ECLIPSE: File -> Open Project from Filesystem
ECLIPSE: project properties (Right click) -> Java Build Path -> Add Jars. dont use the stanford-corenlp jars, since those are precompied ones. but all the other (non-source) jars are dependencies so they're needed.
FILESYSTEM: .class files will get built into target/classes or something.

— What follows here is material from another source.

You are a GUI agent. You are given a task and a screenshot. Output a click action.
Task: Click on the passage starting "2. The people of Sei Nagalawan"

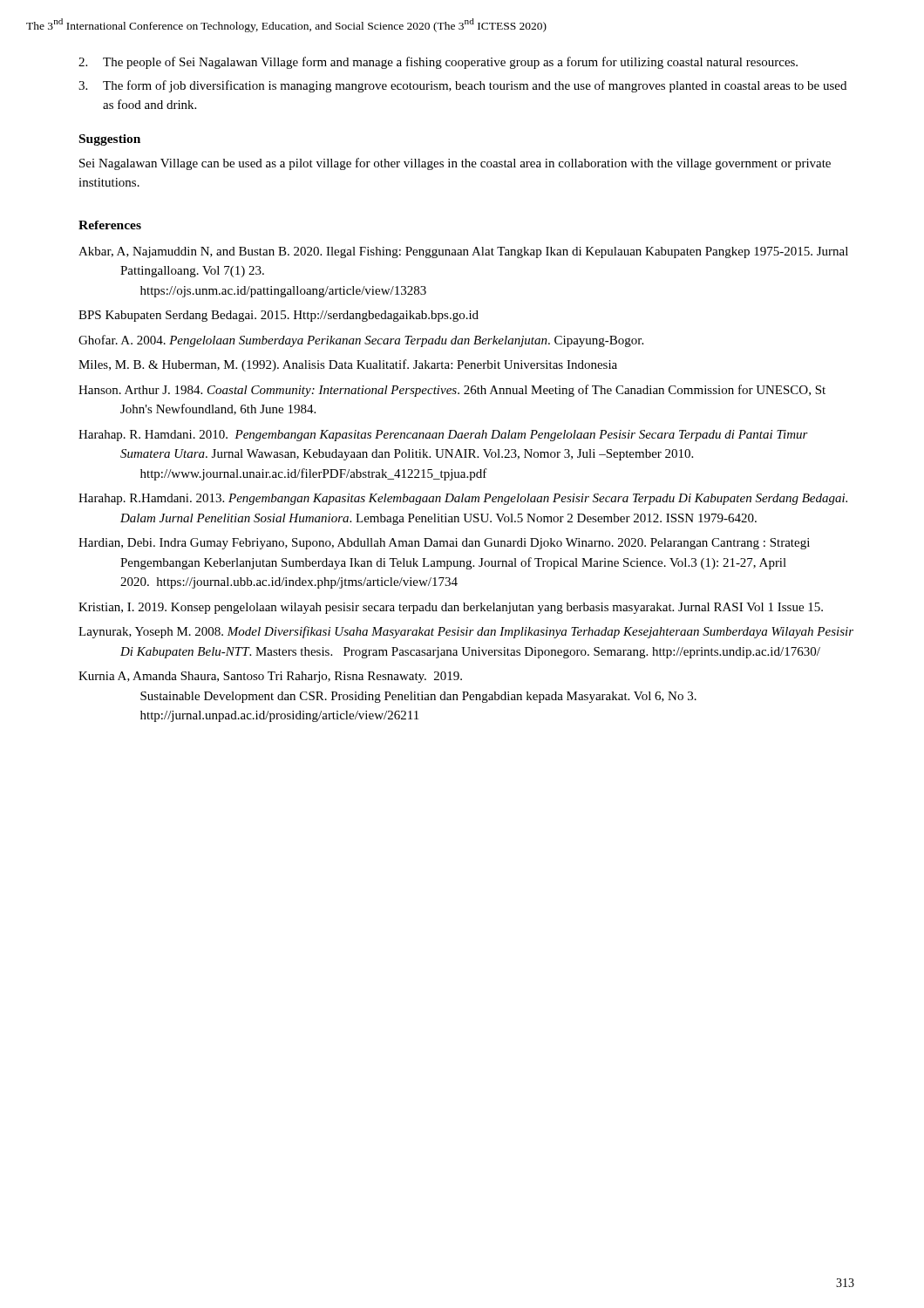pyautogui.click(x=466, y=62)

RUNNING IT: using the Eclipse-compiled variant. Modify DependencyParser.java to have System.out.println("HERE") or somehting like that then do
java -cp "*.jar:target/classes" edu.stanford.nlp.parser.nndep.DependencyParser
need the HERE test to make sure the right version of DependencyParser is used. the "*.jar" is including stanford-corenlp-3.8.0.jar ... which has the pre-compiled version of DependencyParser. I think what happens is the target/classes version overrides it. I guess you could delete stanford-corenlp-3.8.0.jar to be safe.